Return the string formed by the characters in the stack.

Code

def smallestSubsequence(s: str) -> str:
    last_occurrence = {}
    for i, char in enumerate(s):
        last_occurrence[char] = i

    stack = []
    seen = set()

    for i, char in enumerate(s):
        if char in seen:
            continue

        while stack and stack[-1] > char and last_occurrence[stack[-1]] > i:
            removed_char = stack.pop()
            seen.remove(removed_char)

        stack.append(char)
        seen.add(char)

    return "".join(stack)

Example

Let's trace the execution with the input s = "cbacdcbc"

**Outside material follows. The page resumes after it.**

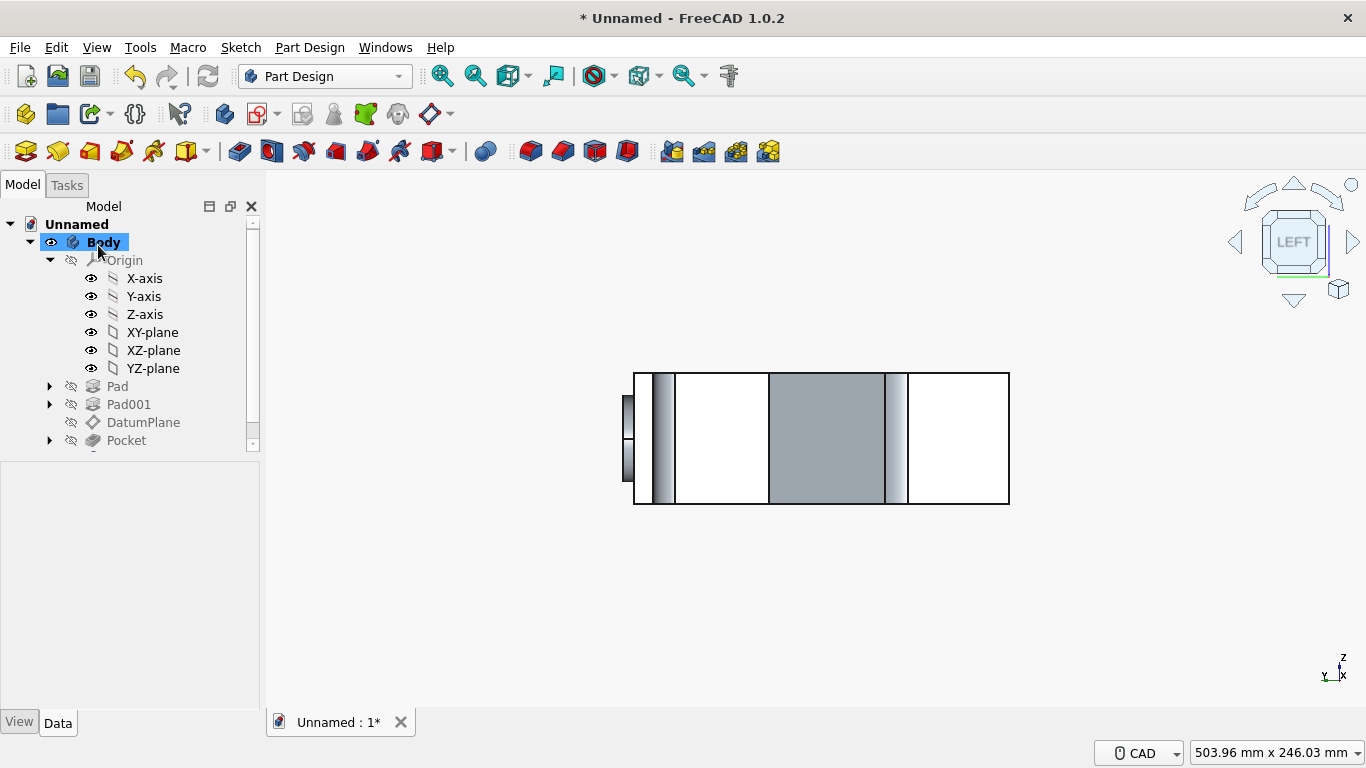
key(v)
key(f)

last_occurrence = {'c': 7, 'b': 6, 'a': 2, 'd': 4}
stack = [], seen = set()
i = 0, char = 'c'. Stack is empty, so stack.append('c'), seen = {'c'}
i = 1, char = 'b'. 'c' > 'b' and last_occurrence['c'] > 1, so pop 'c'. stack = [], seen = {}. stack.append('b'), seen = {'b'}
i = 2, char = 'a'. 'b' > 'a' and last_occurrence['b'] > 2, so pop 'b'. stack = [], seen = {}. stack.append('a'), seen = {'a'}
i = 3, char = 'c'. Stack is not empty but 'a' < 'c'. stack.append('c'), seen = {'a', 'c'}
i = 4, char = 'd'. Stack is not empty but 'c' < 'd'. stack.append('d'), seen = {'a', 'c', 'd'}
i = 5, char = 'c'. char in seen, skip.
i = 6, char = 'b'. 'd' > 'b' and last_occurrence['d'] > 6, so pop 'd'. stack = ['a', 'c'], seen = {'a', 'c'}. 'c' > 'b' and last_occurrence['c'] > 6, so pop 'c'. stack = ['a'], seen = {'a'}. stack.append('b'), seen = {'a', 'b'}
i = 7, char = 'c'. char in seen, skip.
Return "".join(['a', 'b', 'c', 'd']) = "acdb"

Complexity Analysis

Time Complexity: O(n), where n is the length of the string. We iterate through the string once. The while loop inside the for loop runs at most n times in total because each character can be pushed and popped from the stack at most once.
Space Complexity: O(n), where n is the length of the string, to store the last_occurrence map, seen set, and the stack.

Edge Cases

Empty string: The algorithm will return an empty string.
String with only one distinct character: The algorithm will return the string with that character.
String with duplicate characters: The algorithm will correctly remove duplicate characters and return the lexicographically smallest subsequence.